The Women In Between
Walking into Boxx The Artist's latest exhibition feels different. The Women in Between & Other Works isn't your typical gallery experience; it's more like meeting women you should have known about years ago but somehow didn't. Boxx has created what she calls a "portrait montage project" that zeroes in on local grassroots leaders, specifically the dark-skinned Black women whose work often goes unrecognized.
These aren't just portraits; they're introductions to community shapers and storytellers who've been influencing change from positions that society tends to overlook. "I realized I wasn't taking photos or creating paintings, but making space: psychological spaces, spaces to be heard, spaces to be seen, moments of pause," Boxx explains. "That shift changed everything.”
The work tackles something that's bothered Boxx for years: how photography and traditional printmaking have historically failed to properly capture dark skin tones. It's a technical problem with deep cultural implications, something she traces back to listening on the steps of her mother's salon as a child, learning "the gaps between what was said and unsaid, the language that had its own code and rhythm, the silences that carried whole histories."
Her portraits are striking; some show faces with deliberately obscured eyes, subtle gestures, gazes that look past the viewer or pierce directly through. "Those small choices carry weight," she says. "They embody the tension of being seen and unseen, present and in-between, which is the heartbeat of this series." Each piece is paired with interviews -- the actual voices of these women woven into the exhibition through film, creating what Boxx calls "overlapping tones that never resolve completely, much like the stories behind these works."
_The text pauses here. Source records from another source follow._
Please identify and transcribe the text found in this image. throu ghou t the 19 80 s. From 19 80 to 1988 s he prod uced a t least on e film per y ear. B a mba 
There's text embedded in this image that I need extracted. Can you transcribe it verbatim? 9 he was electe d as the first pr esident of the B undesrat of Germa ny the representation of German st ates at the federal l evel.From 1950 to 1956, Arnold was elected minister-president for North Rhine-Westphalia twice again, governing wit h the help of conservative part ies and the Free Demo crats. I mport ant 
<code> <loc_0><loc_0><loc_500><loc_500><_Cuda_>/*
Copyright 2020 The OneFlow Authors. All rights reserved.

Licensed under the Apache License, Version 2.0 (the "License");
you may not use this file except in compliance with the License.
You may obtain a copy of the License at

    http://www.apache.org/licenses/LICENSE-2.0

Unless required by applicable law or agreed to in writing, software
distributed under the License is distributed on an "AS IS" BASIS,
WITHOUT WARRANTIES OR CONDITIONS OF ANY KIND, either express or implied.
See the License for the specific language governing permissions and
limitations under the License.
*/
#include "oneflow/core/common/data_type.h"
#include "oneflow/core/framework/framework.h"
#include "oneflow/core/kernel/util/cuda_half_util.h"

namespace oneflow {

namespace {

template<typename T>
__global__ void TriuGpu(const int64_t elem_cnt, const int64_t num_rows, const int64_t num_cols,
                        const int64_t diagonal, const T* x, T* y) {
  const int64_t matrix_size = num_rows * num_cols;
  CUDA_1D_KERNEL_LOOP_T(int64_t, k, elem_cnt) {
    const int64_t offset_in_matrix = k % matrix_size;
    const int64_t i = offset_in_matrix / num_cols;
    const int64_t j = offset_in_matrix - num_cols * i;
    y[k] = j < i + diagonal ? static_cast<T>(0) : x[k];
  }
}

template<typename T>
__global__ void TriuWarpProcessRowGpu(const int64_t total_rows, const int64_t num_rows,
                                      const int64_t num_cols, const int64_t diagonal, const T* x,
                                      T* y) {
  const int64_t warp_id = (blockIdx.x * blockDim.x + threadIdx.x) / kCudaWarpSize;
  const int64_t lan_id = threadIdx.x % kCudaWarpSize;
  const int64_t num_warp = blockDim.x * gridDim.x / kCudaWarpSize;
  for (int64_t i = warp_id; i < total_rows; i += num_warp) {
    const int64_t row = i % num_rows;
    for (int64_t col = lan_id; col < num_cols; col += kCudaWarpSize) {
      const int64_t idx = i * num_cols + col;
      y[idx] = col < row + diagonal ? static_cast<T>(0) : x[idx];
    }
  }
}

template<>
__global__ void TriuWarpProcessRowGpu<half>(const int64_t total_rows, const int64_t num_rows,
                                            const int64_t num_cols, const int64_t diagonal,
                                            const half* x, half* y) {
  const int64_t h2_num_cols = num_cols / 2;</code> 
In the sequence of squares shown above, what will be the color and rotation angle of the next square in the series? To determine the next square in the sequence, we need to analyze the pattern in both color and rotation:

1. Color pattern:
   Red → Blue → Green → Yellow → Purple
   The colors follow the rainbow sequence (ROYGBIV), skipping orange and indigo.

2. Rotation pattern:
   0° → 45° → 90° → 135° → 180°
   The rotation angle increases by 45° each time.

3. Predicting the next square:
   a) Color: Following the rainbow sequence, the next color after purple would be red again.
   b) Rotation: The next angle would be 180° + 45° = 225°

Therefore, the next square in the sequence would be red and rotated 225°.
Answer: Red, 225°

What makes this collection particularly powerful is its focus on Indiana; women from Indianapolis and surrounding areas who share "cultural landscapes and experiences" that connect them beyond just geography. Boxx's recent three-portrait series of local creative Mel-Lo demonstrates how she weaves historical recognition with celebrating people making an impact right now. The exhibition does exactly what Boxx hopes her art will do: start conversations that matter while creating space for joy and recognition.
"I want people to walk out of this exhibit carrying a kind of unsettled tenderness," she says – aware of how much lives in the spaces between people, whether they seem different or similar on the surface. That philosophy extends to how Boxx sees all of us: "We are all rough drafts, we're all still becoming." The title itself is almost a correction - these women were never really "in between" anything. They've been central to their communities all along. Boxx's portraits just make sure we finally see them that way.